Please copy, exactly as they appear below, the lines from the one containing "Give a very brief answer. 14.6." through the one containing "Your answer should be compact. 0.68.".

(Stored dataset items)
————
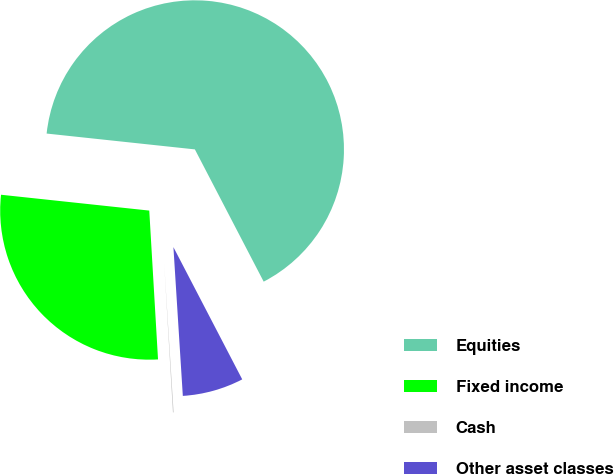Convert chart to OTSL. <chart><loc_0><loc_0><loc_500><loc_500><pie_chart><fcel>Equities<fcel>Fixed income<fcel>Cash<fcel>Other asset classes<nl><fcel>65.67%<fcel>27.63%<fcel>0.07%<fcel>6.63%<nl></chart> 
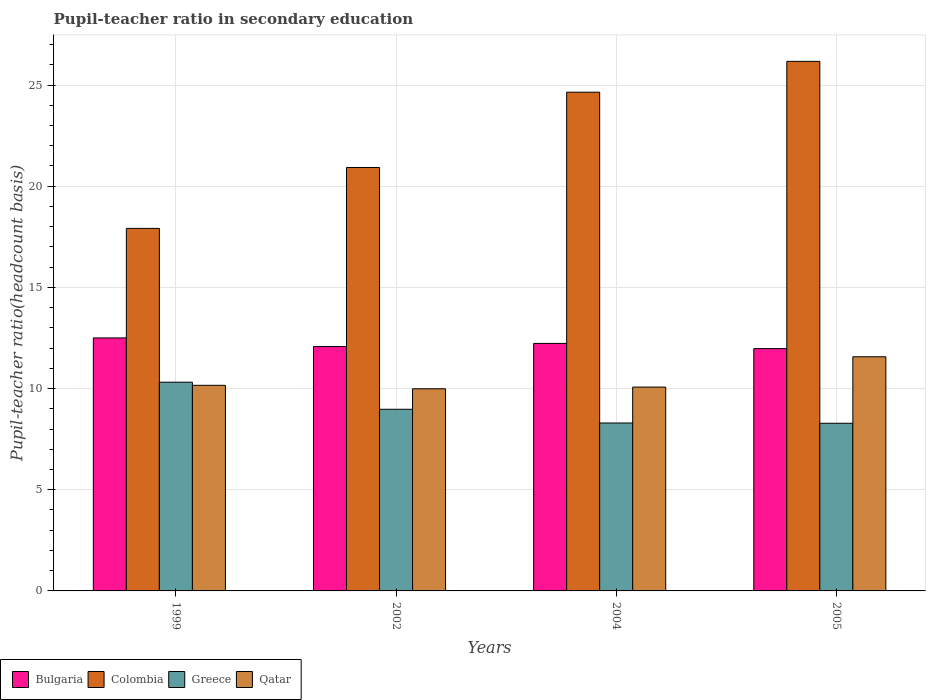Are the number of bars per tick equal to the number of legend labels?
Give a very brief answer. Yes. Are the number of bars on each tick of the X-axis equal?
Your answer should be very brief. Yes. How many bars are there on the 4th tick from the left?
Your answer should be very brief. 4. How many bars are there on the 1st tick from the right?
Your response must be concise. 4. In how many cases, is the number of bars for a given year not equal to the number of legend labels?
Your answer should be compact. 0. What is the pupil-teacher ratio in secondary education in Greece in 2002?
Your answer should be compact. 8.98. Across all years, what is the maximum pupil-teacher ratio in secondary education in Bulgaria?
Offer a terse response. 12.5. Across all years, what is the minimum pupil-teacher ratio in secondary education in Qatar?
Offer a very short reply. 9.99. In which year was the pupil-teacher ratio in secondary education in Colombia maximum?
Ensure brevity in your answer.  2005. What is the total pupil-teacher ratio in secondary education in Greece in the graph?
Your response must be concise. 35.88. What is the difference between the pupil-teacher ratio in secondary education in Qatar in 1999 and that in 2004?
Offer a terse response. 0.09. What is the difference between the pupil-teacher ratio in secondary education in Qatar in 2002 and the pupil-teacher ratio in secondary education in Greece in 1999?
Your answer should be very brief. -0.32. What is the average pupil-teacher ratio in secondary education in Greece per year?
Offer a terse response. 8.97. In the year 2004, what is the difference between the pupil-teacher ratio in secondary education in Colombia and pupil-teacher ratio in secondary education in Bulgaria?
Keep it short and to the point. 12.42. What is the ratio of the pupil-teacher ratio in secondary education in Colombia in 2002 to that in 2004?
Make the answer very short. 0.85. Is the difference between the pupil-teacher ratio in secondary education in Colombia in 2002 and 2004 greater than the difference between the pupil-teacher ratio in secondary education in Bulgaria in 2002 and 2004?
Provide a succinct answer. No. What is the difference between the highest and the second highest pupil-teacher ratio in secondary education in Qatar?
Offer a terse response. 1.41. What is the difference between the highest and the lowest pupil-teacher ratio in secondary education in Greece?
Offer a very short reply. 2.03. Is it the case that in every year, the sum of the pupil-teacher ratio in secondary education in Qatar and pupil-teacher ratio in secondary education in Greece is greater than the sum of pupil-teacher ratio in secondary education in Bulgaria and pupil-teacher ratio in secondary education in Colombia?
Keep it short and to the point. No. What does the 4th bar from the left in 1999 represents?
Keep it short and to the point. Qatar. What does the 2nd bar from the right in 2002 represents?
Provide a succinct answer. Greece. How many bars are there?
Your response must be concise. 16. What is the difference between two consecutive major ticks on the Y-axis?
Give a very brief answer. 5. Are the values on the major ticks of Y-axis written in scientific E-notation?
Offer a very short reply. No. How are the legend labels stacked?
Your response must be concise. Horizontal. What is the title of the graph?
Make the answer very short. Pupil-teacher ratio in secondary education. What is the label or title of the Y-axis?
Make the answer very short. Pupil-teacher ratio(headcount basis). What is the Pupil-teacher ratio(headcount basis) of Bulgaria in 1999?
Provide a succinct answer. 12.5. What is the Pupil-teacher ratio(headcount basis) in Colombia in 1999?
Keep it short and to the point. 17.92. What is the Pupil-teacher ratio(headcount basis) of Greece in 1999?
Your response must be concise. 10.32. What is the Pupil-teacher ratio(headcount basis) of Qatar in 1999?
Your answer should be compact. 10.16. What is the Pupil-teacher ratio(headcount basis) in Bulgaria in 2002?
Give a very brief answer. 12.08. What is the Pupil-teacher ratio(headcount basis) in Colombia in 2002?
Make the answer very short. 20.92. What is the Pupil-teacher ratio(headcount basis) in Greece in 2002?
Offer a very short reply. 8.98. What is the Pupil-teacher ratio(headcount basis) of Qatar in 2002?
Give a very brief answer. 9.99. What is the Pupil-teacher ratio(headcount basis) of Bulgaria in 2004?
Offer a terse response. 12.23. What is the Pupil-teacher ratio(headcount basis) in Colombia in 2004?
Make the answer very short. 24.65. What is the Pupil-teacher ratio(headcount basis) in Greece in 2004?
Make the answer very short. 8.3. What is the Pupil-teacher ratio(headcount basis) of Qatar in 2004?
Provide a short and direct response. 10.07. What is the Pupil-teacher ratio(headcount basis) in Bulgaria in 2005?
Provide a short and direct response. 11.98. What is the Pupil-teacher ratio(headcount basis) of Colombia in 2005?
Provide a short and direct response. 26.17. What is the Pupil-teacher ratio(headcount basis) of Greece in 2005?
Your response must be concise. 8.29. What is the Pupil-teacher ratio(headcount basis) in Qatar in 2005?
Give a very brief answer. 11.57. Across all years, what is the maximum Pupil-teacher ratio(headcount basis) of Bulgaria?
Ensure brevity in your answer.  12.5. Across all years, what is the maximum Pupil-teacher ratio(headcount basis) in Colombia?
Provide a short and direct response. 26.17. Across all years, what is the maximum Pupil-teacher ratio(headcount basis) of Greece?
Provide a succinct answer. 10.32. Across all years, what is the maximum Pupil-teacher ratio(headcount basis) in Qatar?
Your answer should be compact. 11.57. Across all years, what is the minimum Pupil-teacher ratio(headcount basis) in Bulgaria?
Make the answer very short. 11.98. Across all years, what is the minimum Pupil-teacher ratio(headcount basis) of Colombia?
Provide a succinct answer. 17.92. Across all years, what is the minimum Pupil-teacher ratio(headcount basis) of Greece?
Offer a terse response. 8.29. Across all years, what is the minimum Pupil-teacher ratio(headcount basis) of Qatar?
Give a very brief answer. 9.99. What is the total Pupil-teacher ratio(headcount basis) of Bulgaria in the graph?
Offer a terse response. 48.79. What is the total Pupil-teacher ratio(headcount basis) of Colombia in the graph?
Your response must be concise. 89.66. What is the total Pupil-teacher ratio(headcount basis) in Greece in the graph?
Your answer should be very brief. 35.88. What is the total Pupil-teacher ratio(headcount basis) of Qatar in the graph?
Your answer should be compact. 41.8. What is the difference between the Pupil-teacher ratio(headcount basis) in Bulgaria in 1999 and that in 2002?
Offer a terse response. 0.43. What is the difference between the Pupil-teacher ratio(headcount basis) of Colombia in 1999 and that in 2002?
Provide a short and direct response. -3.01. What is the difference between the Pupil-teacher ratio(headcount basis) in Greece in 1999 and that in 2002?
Ensure brevity in your answer.  1.34. What is the difference between the Pupil-teacher ratio(headcount basis) of Qatar in 1999 and that in 2002?
Your response must be concise. 0.17. What is the difference between the Pupil-teacher ratio(headcount basis) of Bulgaria in 1999 and that in 2004?
Your response must be concise. 0.27. What is the difference between the Pupil-teacher ratio(headcount basis) of Colombia in 1999 and that in 2004?
Offer a terse response. -6.73. What is the difference between the Pupil-teacher ratio(headcount basis) in Greece in 1999 and that in 2004?
Make the answer very short. 2.02. What is the difference between the Pupil-teacher ratio(headcount basis) in Qatar in 1999 and that in 2004?
Provide a succinct answer. 0.09. What is the difference between the Pupil-teacher ratio(headcount basis) in Bulgaria in 1999 and that in 2005?
Offer a very short reply. 0.53. What is the difference between the Pupil-teacher ratio(headcount basis) of Colombia in 1999 and that in 2005?
Keep it short and to the point. -8.25. What is the difference between the Pupil-teacher ratio(headcount basis) in Greece in 1999 and that in 2005?
Your response must be concise. 2.03. What is the difference between the Pupil-teacher ratio(headcount basis) of Qatar in 1999 and that in 2005?
Give a very brief answer. -1.41. What is the difference between the Pupil-teacher ratio(headcount basis) of Bulgaria in 2002 and that in 2004?
Keep it short and to the point. -0.15. What is the difference between the Pupil-teacher ratio(headcount basis) in Colombia in 2002 and that in 2004?
Provide a short and direct response. -3.72. What is the difference between the Pupil-teacher ratio(headcount basis) of Greece in 2002 and that in 2004?
Make the answer very short. 0.68. What is the difference between the Pupil-teacher ratio(headcount basis) in Qatar in 2002 and that in 2004?
Make the answer very short. -0.08. What is the difference between the Pupil-teacher ratio(headcount basis) of Bulgaria in 2002 and that in 2005?
Offer a terse response. 0.1. What is the difference between the Pupil-teacher ratio(headcount basis) in Colombia in 2002 and that in 2005?
Offer a very short reply. -5.25. What is the difference between the Pupil-teacher ratio(headcount basis) in Greece in 2002 and that in 2005?
Give a very brief answer. 0.69. What is the difference between the Pupil-teacher ratio(headcount basis) in Qatar in 2002 and that in 2005?
Keep it short and to the point. -1.58. What is the difference between the Pupil-teacher ratio(headcount basis) in Bulgaria in 2004 and that in 2005?
Your answer should be very brief. 0.26. What is the difference between the Pupil-teacher ratio(headcount basis) in Colombia in 2004 and that in 2005?
Your response must be concise. -1.52. What is the difference between the Pupil-teacher ratio(headcount basis) in Greece in 2004 and that in 2005?
Offer a terse response. 0.01. What is the difference between the Pupil-teacher ratio(headcount basis) of Qatar in 2004 and that in 2005?
Give a very brief answer. -1.5. What is the difference between the Pupil-teacher ratio(headcount basis) in Bulgaria in 1999 and the Pupil-teacher ratio(headcount basis) in Colombia in 2002?
Your response must be concise. -8.42. What is the difference between the Pupil-teacher ratio(headcount basis) in Bulgaria in 1999 and the Pupil-teacher ratio(headcount basis) in Greece in 2002?
Give a very brief answer. 3.53. What is the difference between the Pupil-teacher ratio(headcount basis) in Bulgaria in 1999 and the Pupil-teacher ratio(headcount basis) in Qatar in 2002?
Your answer should be compact. 2.51. What is the difference between the Pupil-teacher ratio(headcount basis) in Colombia in 1999 and the Pupil-teacher ratio(headcount basis) in Greece in 2002?
Provide a short and direct response. 8.94. What is the difference between the Pupil-teacher ratio(headcount basis) of Colombia in 1999 and the Pupil-teacher ratio(headcount basis) of Qatar in 2002?
Keep it short and to the point. 7.93. What is the difference between the Pupil-teacher ratio(headcount basis) of Greece in 1999 and the Pupil-teacher ratio(headcount basis) of Qatar in 2002?
Keep it short and to the point. 0.32. What is the difference between the Pupil-teacher ratio(headcount basis) of Bulgaria in 1999 and the Pupil-teacher ratio(headcount basis) of Colombia in 2004?
Offer a terse response. -12.14. What is the difference between the Pupil-teacher ratio(headcount basis) of Bulgaria in 1999 and the Pupil-teacher ratio(headcount basis) of Greece in 2004?
Keep it short and to the point. 4.2. What is the difference between the Pupil-teacher ratio(headcount basis) of Bulgaria in 1999 and the Pupil-teacher ratio(headcount basis) of Qatar in 2004?
Your answer should be compact. 2.43. What is the difference between the Pupil-teacher ratio(headcount basis) of Colombia in 1999 and the Pupil-teacher ratio(headcount basis) of Greece in 2004?
Provide a succinct answer. 9.62. What is the difference between the Pupil-teacher ratio(headcount basis) in Colombia in 1999 and the Pupil-teacher ratio(headcount basis) in Qatar in 2004?
Your answer should be compact. 7.84. What is the difference between the Pupil-teacher ratio(headcount basis) in Greece in 1999 and the Pupil-teacher ratio(headcount basis) in Qatar in 2004?
Make the answer very short. 0.24. What is the difference between the Pupil-teacher ratio(headcount basis) in Bulgaria in 1999 and the Pupil-teacher ratio(headcount basis) in Colombia in 2005?
Keep it short and to the point. -13.67. What is the difference between the Pupil-teacher ratio(headcount basis) of Bulgaria in 1999 and the Pupil-teacher ratio(headcount basis) of Greece in 2005?
Offer a terse response. 4.22. What is the difference between the Pupil-teacher ratio(headcount basis) in Bulgaria in 1999 and the Pupil-teacher ratio(headcount basis) in Qatar in 2005?
Give a very brief answer. 0.93. What is the difference between the Pupil-teacher ratio(headcount basis) of Colombia in 1999 and the Pupil-teacher ratio(headcount basis) of Greece in 2005?
Give a very brief answer. 9.63. What is the difference between the Pupil-teacher ratio(headcount basis) of Colombia in 1999 and the Pupil-teacher ratio(headcount basis) of Qatar in 2005?
Offer a very short reply. 6.35. What is the difference between the Pupil-teacher ratio(headcount basis) in Greece in 1999 and the Pupil-teacher ratio(headcount basis) in Qatar in 2005?
Give a very brief answer. -1.26. What is the difference between the Pupil-teacher ratio(headcount basis) of Bulgaria in 2002 and the Pupil-teacher ratio(headcount basis) of Colombia in 2004?
Your answer should be very brief. -12.57. What is the difference between the Pupil-teacher ratio(headcount basis) of Bulgaria in 2002 and the Pupil-teacher ratio(headcount basis) of Greece in 2004?
Provide a short and direct response. 3.78. What is the difference between the Pupil-teacher ratio(headcount basis) of Bulgaria in 2002 and the Pupil-teacher ratio(headcount basis) of Qatar in 2004?
Your answer should be compact. 2. What is the difference between the Pupil-teacher ratio(headcount basis) of Colombia in 2002 and the Pupil-teacher ratio(headcount basis) of Greece in 2004?
Ensure brevity in your answer.  12.63. What is the difference between the Pupil-teacher ratio(headcount basis) in Colombia in 2002 and the Pupil-teacher ratio(headcount basis) in Qatar in 2004?
Keep it short and to the point. 10.85. What is the difference between the Pupil-teacher ratio(headcount basis) of Greece in 2002 and the Pupil-teacher ratio(headcount basis) of Qatar in 2004?
Your response must be concise. -1.1. What is the difference between the Pupil-teacher ratio(headcount basis) of Bulgaria in 2002 and the Pupil-teacher ratio(headcount basis) of Colombia in 2005?
Ensure brevity in your answer.  -14.09. What is the difference between the Pupil-teacher ratio(headcount basis) in Bulgaria in 2002 and the Pupil-teacher ratio(headcount basis) in Greece in 2005?
Your response must be concise. 3.79. What is the difference between the Pupil-teacher ratio(headcount basis) of Bulgaria in 2002 and the Pupil-teacher ratio(headcount basis) of Qatar in 2005?
Make the answer very short. 0.51. What is the difference between the Pupil-teacher ratio(headcount basis) of Colombia in 2002 and the Pupil-teacher ratio(headcount basis) of Greece in 2005?
Give a very brief answer. 12.64. What is the difference between the Pupil-teacher ratio(headcount basis) of Colombia in 2002 and the Pupil-teacher ratio(headcount basis) of Qatar in 2005?
Provide a short and direct response. 9.35. What is the difference between the Pupil-teacher ratio(headcount basis) of Greece in 2002 and the Pupil-teacher ratio(headcount basis) of Qatar in 2005?
Provide a succinct answer. -2.59. What is the difference between the Pupil-teacher ratio(headcount basis) of Bulgaria in 2004 and the Pupil-teacher ratio(headcount basis) of Colombia in 2005?
Your answer should be very brief. -13.94. What is the difference between the Pupil-teacher ratio(headcount basis) in Bulgaria in 2004 and the Pupil-teacher ratio(headcount basis) in Greece in 2005?
Provide a short and direct response. 3.95. What is the difference between the Pupil-teacher ratio(headcount basis) in Bulgaria in 2004 and the Pupil-teacher ratio(headcount basis) in Qatar in 2005?
Your response must be concise. 0.66. What is the difference between the Pupil-teacher ratio(headcount basis) of Colombia in 2004 and the Pupil-teacher ratio(headcount basis) of Greece in 2005?
Give a very brief answer. 16.36. What is the difference between the Pupil-teacher ratio(headcount basis) in Colombia in 2004 and the Pupil-teacher ratio(headcount basis) in Qatar in 2005?
Give a very brief answer. 13.08. What is the difference between the Pupil-teacher ratio(headcount basis) in Greece in 2004 and the Pupil-teacher ratio(headcount basis) in Qatar in 2005?
Give a very brief answer. -3.27. What is the average Pupil-teacher ratio(headcount basis) in Bulgaria per year?
Provide a short and direct response. 12.2. What is the average Pupil-teacher ratio(headcount basis) in Colombia per year?
Your answer should be very brief. 22.42. What is the average Pupil-teacher ratio(headcount basis) in Greece per year?
Make the answer very short. 8.97. What is the average Pupil-teacher ratio(headcount basis) of Qatar per year?
Offer a very short reply. 10.45. In the year 1999, what is the difference between the Pupil-teacher ratio(headcount basis) in Bulgaria and Pupil-teacher ratio(headcount basis) in Colombia?
Make the answer very short. -5.41. In the year 1999, what is the difference between the Pupil-teacher ratio(headcount basis) in Bulgaria and Pupil-teacher ratio(headcount basis) in Greece?
Keep it short and to the point. 2.19. In the year 1999, what is the difference between the Pupil-teacher ratio(headcount basis) of Bulgaria and Pupil-teacher ratio(headcount basis) of Qatar?
Your response must be concise. 2.34. In the year 1999, what is the difference between the Pupil-teacher ratio(headcount basis) of Colombia and Pupil-teacher ratio(headcount basis) of Greece?
Provide a succinct answer. 7.6. In the year 1999, what is the difference between the Pupil-teacher ratio(headcount basis) of Colombia and Pupil-teacher ratio(headcount basis) of Qatar?
Keep it short and to the point. 7.76. In the year 1999, what is the difference between the Pupil-teacher ratio(headcount basis) of Greece and Pupil-teacher ratio(headcount basis) of Qatar?
Your response must be concise. 0.15. In the year 2002, what is the difference between the Pupil-teacher ratio(headcount basis) of Bulgaria and Pupil-teacher ratio(headcount basis) of Colombia?
Keep it short and to the point. -8.85. In the year 2002, what is the difference between the Pupil-teacher ratio(headcount basis) in Bulgaria and Pupil-teacher ratio(headcount basis) in Greece?
Ensure brevity in your answer.  3.1. In the year 2002, what is the difference between the Pupil-teacher ratio(headcount basis) in Bulgaria and Pupil-teacher ratio(headcount basis) in Qatar?
Offer a very short reply. 2.09. In the year 2002, what is the difference between the Pupil-teacher ratio(headcount basis) in Colombia and Pupil-teacher ratio(headcount basis) in Greece?
Your response must be concise. 11.95. In the year 2002, what is the difference between the Pupil-teacher ratio(headcount basis) in Colombia and Pupil-teacher ratio(headcount basis) in Qatar?
Keep it short and to the point. 10.93. In the year 2002, what is the difference between the Pupil-teacher ratio(headcount basis) in Greece and Pupil-teacher ratio(headcount basis) in Qatar?
Provide a short and direct response. -1.01. In the year 2004, what is the difference between the Pupil-teacher ratio(headcount basis) of Bulgaria and Pupil-teacher ratio(headcount basis) of Colombia?
Your answer should be compact. -12.42. In the year 2004, what is the difference between the Pupil-teacher ratio(headcount basis) of Bulgaria and Pupil-teacher ratio(headcount basis) of Greece?
Provide a succinct answer. 3.93. In the year 2004, what is the difference between the Pupil-teacher ratio(headcount basis) in Bulgaria and Pupil-teacher ratio(headcount basis) in Qatar?
Make the answer very short. 2.16. In the year 2004, what is the difference between the Pupil-teacher ratio(headcount basis) of Colombia and Pupil-teacher ratio(headcount basis) of Greece?
Give a very brief answer. 16.35. In the year 2004, what is the difference between the Pupil-teacher ratio(headcount basis) of Colombia and Pupil-teacher ratio(headcount basis) of Qatar?
Your answer should be very brief. 14.57. In the year 2004, what is the difference between the Pupil-teacher ratio(headcount basis) of Greece and Pupil-teacher ratio(headcount basis) of Qatar?
Keep it short and to the point. -1.77. In the year 2005, what is the difference between the Pupil-teacher ratio(headcount basis) in Bulgaria and Pupil-teacher ratio(headcount basis) in Colombia?
Your answer should be very brief. -14.2. In the year 2005, what is the difference between the Pupil-teacher ratio(headcount basis) of Bulgaria and Pupil-teacher ratio(headcount basis) of Greece?
Keep it short and to the point. 3.69. In the year 2005, what is the difference between the Pupil-teacher ratio(headcount basis) of Bulgaria and Pupil-teacher ratio(headcount basis) of Qatar?
Keep it short and to the point. 0.4. In the year 2005, what is the difference between the Pupil-teacher ratio(headcount basis) of Colombia and Pupil-teacher ratio(headcount basis) of Greece?
Offer a very short reply. 17.89. In the year 2005, what is the difference between the Pupil-teacher ratio(headcount basis) of Colombia and Pupil-teacher ratio(headcount basis) of Qatar?
Give a very brief answer. 14.6. In the year 2005, what is the difference between the Pupil-teacher ratio(headcount basis) of Greece and Pupil-teacher ratio(headcount basis) of Qatar?
Your answer should be very brief. -3.29. What is the ratio of the Pupil-teacher ratio(headcount basis) in Bulgaria in 1999 to that in 2002?
Offer a terse response. 1.04. What is the ratio of the Pupil-teacher ratio(headcount basis) in Colombia in 1999 to that in 2002?
Offer a terse response. 0.86. What is the ratio of the Pupil-teacher ratio(headcount basis) in Greece in 1999 to that in 2002?
Give a very brief answer. 1.15. What is the ratio of the Pupil-teacher ratio(headcount basis) of Qatar in 1999 to that in 2002?
Provide a short and direct response. 1.02. What is the ratio of the Pupil-teacher ratio(headcount basis) of Bulgaria in 1999 to that in 2004?
Make the answer very short. 1.02. What is the ratio of the Pupil-teacher ratio(headcount basis) in Colombia in 1999 to that in 2004?
Make the answer very short. 0.73. What is the ratio of the Pupil-teacher ratio(headcount basis) in Greece in 1999 to that in 2004?
Offer a terse response. 1.24. What is the ratio of the Pupil-teacher ratio(headcount basis) of Qatar in 1999 to that in 2004?
Ensure brevity in your answer.  1.01. What is the ratio of the Pupil-teacher ratio(headcount basis) in Bulgaria in 1999 to that in 2005?
Ensure brevity in your answer.  1.04. What is the ratio of the Pupil-teacher ratio(headcount basis) in Colombia in 1999 to that in 2005?
Your answer should be compact. 0.68. What is the ratio of the Pupil-teacher ratio(headcount basis) of Greece in 1999 to that in 2005?
Offer a terse response. 1.25. What is the ratio of the Pupil-teacher ratio(headcount basis) of Qatar in 1999 to that in 2005?
Make the answer very short. 0.88. What is the ratio of the Pupil-teacher ratio(headcount basis) of Bulgaria in 2002 to that in 2004?
Provide a succinct answer. 0.99. What is the ratio of the Pupil-teacher ratio(headcount basis) in Colombia in 2002 to that in 2004?
Make the answer very short. 0.85. What is the ratio of the Pupil-teacher ratio(headcount basis) of Greece in 2002 to that in 2004?
Your answer should be very brief. 1.08. What is the ratio of the Pupil-teacher ratio(headcount basis) in Bulgaria in 2002 to that in 2005?
Keep it short and to the point. 1.01. What is the ratio of the Pupil-teacher ratio(headcount basis) of Colombia in 2002 to that in 2005?
Provide a short and direct response. 0.8. What is the ratio of the Pupil-teacher ratio(headcount basis) of Greece in 2002 to that in 2005?
Offer a terse response. 1.08. What is the ratio of the Pupil-teacher ratio(headcount basis) of Qatar in 2002 to that in 2005?
Provide a short and direct response. 0.86. What is the ratio of the Pupil-teacher ratio(headcount basis) in Bulgaria in 2004 to that in 2005?
Ensure brevity in your answer.  1.02. What is the ratio of the Pupil-teacher ratio(headcount basis) in Colombia in 2004 to that in 2005?
Keep it short and to the point. 0.94. What is the ratio of the Pupil-teacher ratio(headcount basis) of Qatar in 2004 to that in 2005?
Ensure brevity in your answer.  0.87. What is the difference between the highest and the second highest Pupil-teacher ratio(headcount basis) of Bulgaria?
Keep it short and to the point. 0.27. What is the difference between the highest and the second highest Pupil-teacher ratio(headcount basis) of Colombia?
Provide a succinct answer. 1.52. What is the difference between the highest and the second highest Pupil-teacher ratio(headcount basis) of Greece?
Give a very brief answer. 1.34. What is the difference between the highest and the second highest Pupil-teacher ratio(headcount basis) in Qatar?
Keep it short and to the point. 1.41. What is the difference between the highest and the lowest Pupil-teacher ratio(headcount basis) in Bulgaria?
Keep it short and to the point. 0.53. What is the difference between the highest and the lowest Pupil-teacher ratio(headcount basis) in Colombia?
Give a very brief answer. 8.25. What is the difference between the highest and the lowest Pupil-teacher ratio(headcount basis) in Greece?
Your answer should be compact. 2.03. What is the difference between the highest and the lowest Pupil-teacher ratio(headcount basis) of Qatar?
Give a very brief answer. 1.58.
————
Solution to the problem -
Give a very brief answer. 14.6. In the year 2005, what is the difference between the Pupil-teacher ratio(headcount basis) of Greece and Pupil-teacher ratio(headcount basis) of Qatar?
Your answer should be very brief. -3.29. What is the ratio of the Pupil-teacher ratio(headcount basis) in Bulgaria in 1999 to that in 2002?
Offer a terse response. 1.04. What is the ratio of the Pupil-teacher ratio(headcount basis) in Colombia in 1999 to that in 2002?
Offer a terse response. 0.86. What is the ratio of the Pupil-teacher ratio(headcount basis) in Greece in 1999 to that in 2002?
Give a very brief answer. 1.15. What is the ratio of the Pupil-teacher ratio(headcount basis) of Qatar in 1999 to that in 2002?
Provide a short and direct response. 1.02. What is the ratio of the Pupil-teacher ratio(headcount basis) of Bulgaria in 1999 to that in 2004?
Make the answer very short. 1.02. What is the ratio of the Pupil-teacher ratio(headcount basis) in Colombia in 1999 to that in 2004?
Make the answer very short. 0.73. What is the ratio of the Pupil-teacher ratio(headcount basis) in Greece in 1999 to that in 2004?
Offer a terse response. 1.24. What is the ratio of the Pupil-teacher ratio(headcount basis) of Qatar in 1999 to that in 2004?
Ensure brevity in your answer.  1.01. What is the ratio of the Pupil-teacher ratio(headcount basis) in Bulgaria in 1999 to that in 2005?
Ensure brevity in your answer.  1.04. What is the ratio of the Pupil-teacher ratio(headcount basis) in Colombia in 1999 to that in 2005?
Your answer should be compact. 0.68. What is the ratio of the Pupil-teacher ratio(headcount basis) of Greece in 1999 to that in 2005?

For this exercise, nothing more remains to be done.